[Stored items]
=== Begin Enclosure ===

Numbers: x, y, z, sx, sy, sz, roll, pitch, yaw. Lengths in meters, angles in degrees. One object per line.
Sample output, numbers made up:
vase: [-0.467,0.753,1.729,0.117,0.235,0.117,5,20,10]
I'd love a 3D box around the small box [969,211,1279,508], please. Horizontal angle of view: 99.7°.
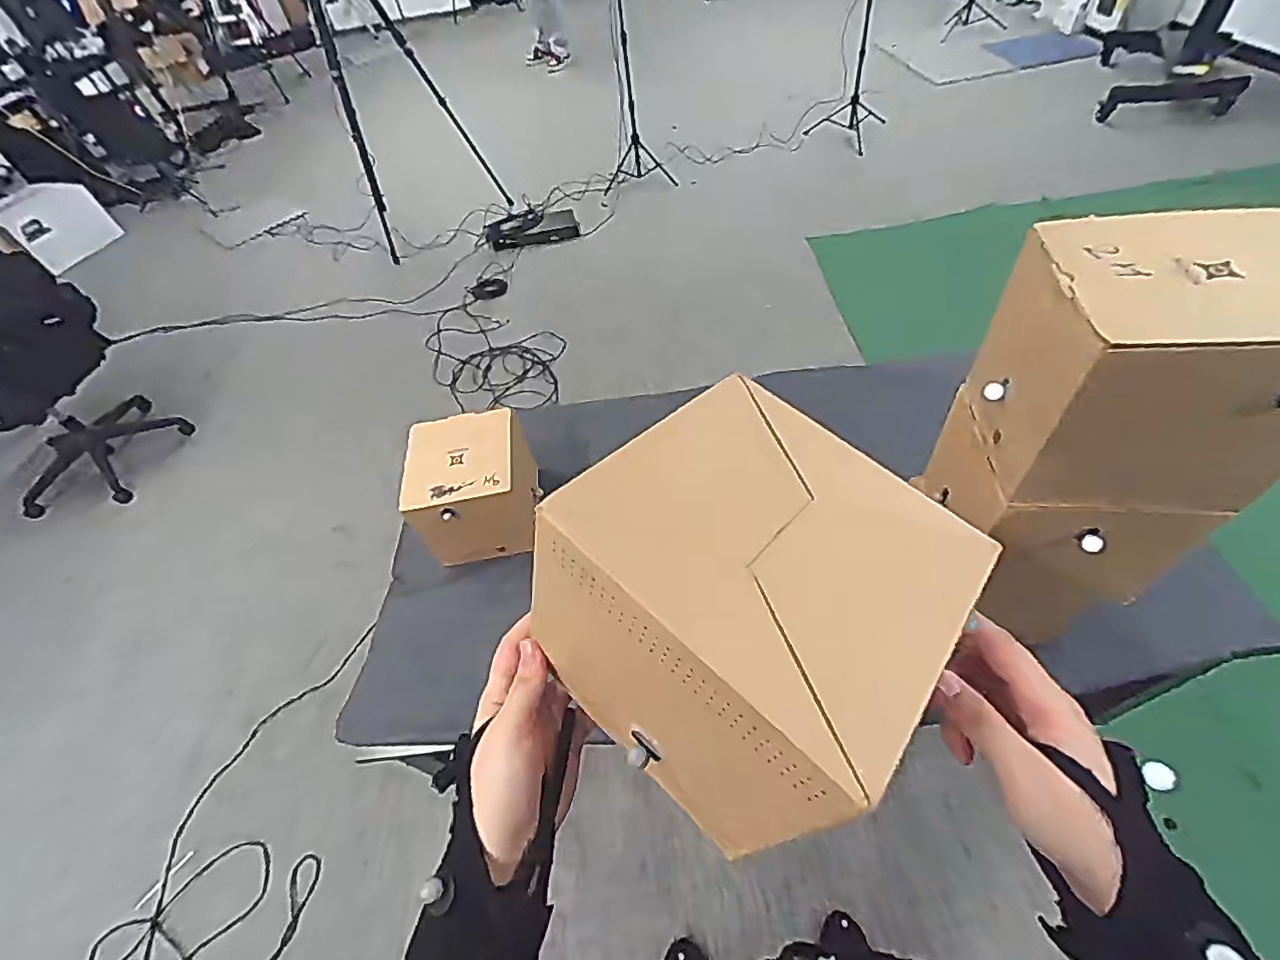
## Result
small box: [0.401,-0.091,0.437,0.179,0.176,0.168,2,51,13]

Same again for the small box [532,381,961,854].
small box: [0.053,0.076,0.320,0.179,0.176,0.168,40,53,19]

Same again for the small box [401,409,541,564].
small box: [-0.263,0.014,0.886,0.168,0.176,0.179,-10,52,0]

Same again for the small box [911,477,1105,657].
small box: [0.442,0.106,0.695,0.168,0.176,0.179,-8,50,4]

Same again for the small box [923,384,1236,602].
small box: [0.421,0.015,0.562,0.179,0.176,0.168,0,51,12]
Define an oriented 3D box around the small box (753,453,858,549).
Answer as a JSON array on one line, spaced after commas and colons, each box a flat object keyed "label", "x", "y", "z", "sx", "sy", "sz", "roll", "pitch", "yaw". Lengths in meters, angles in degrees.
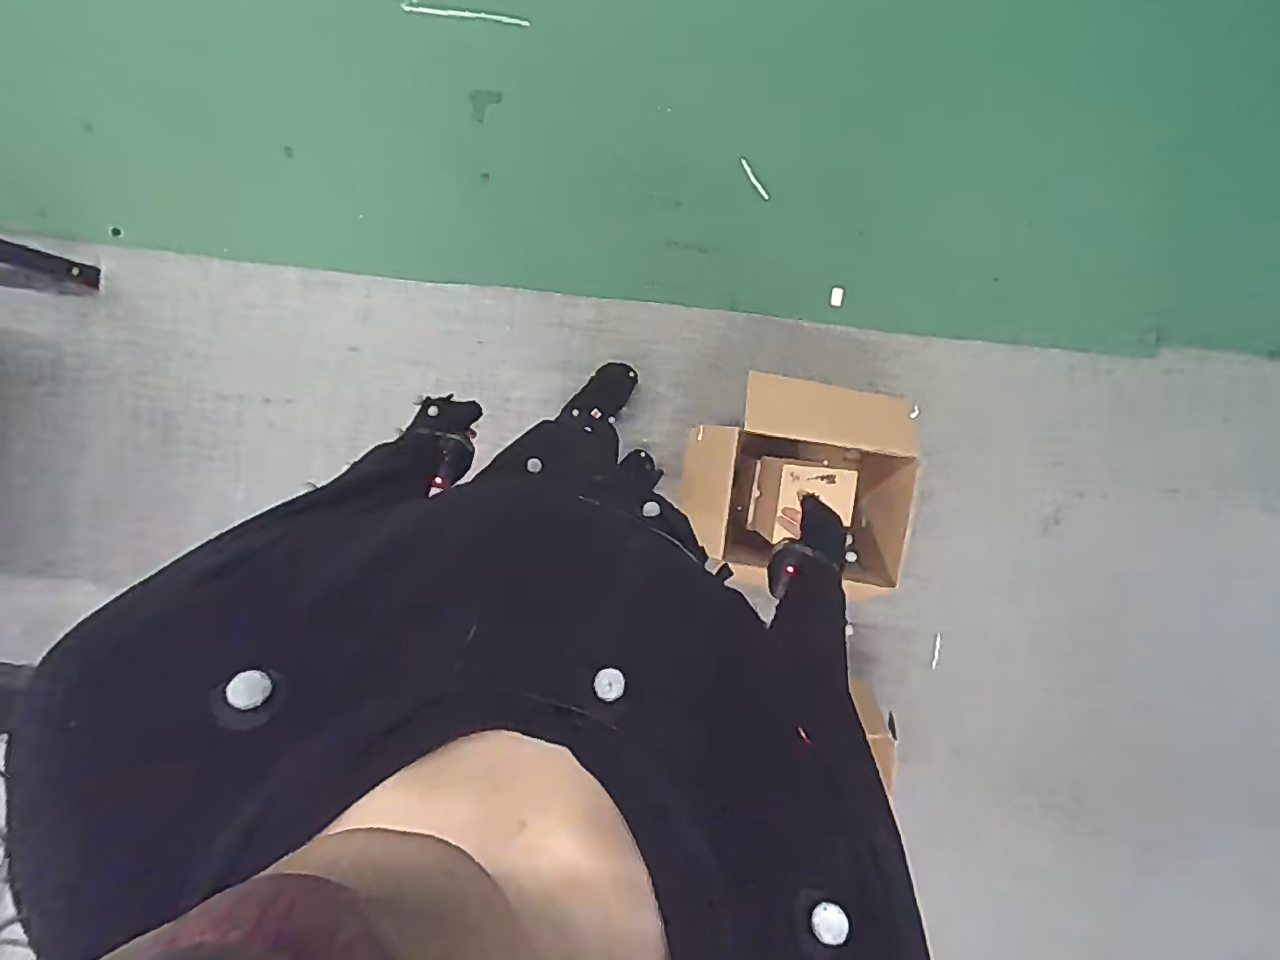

=== End Enclosure ===

Where does the word "degrees" occur in the records? Return every line that holds it.

** ANSWER SECTION **
Numbers: x, y, z, sx, sy, sz, roll, pitch, yaw. Lengths in meters, angles in degrees. One object per line.
Answer as a JSON array on one line, spaced after commas and colons, each box a flat object keyed "label", "x", "y", "z", "sx", "sy", "sz", "roll", "pitch", "yaw". Lengths in meters, angles in degrees.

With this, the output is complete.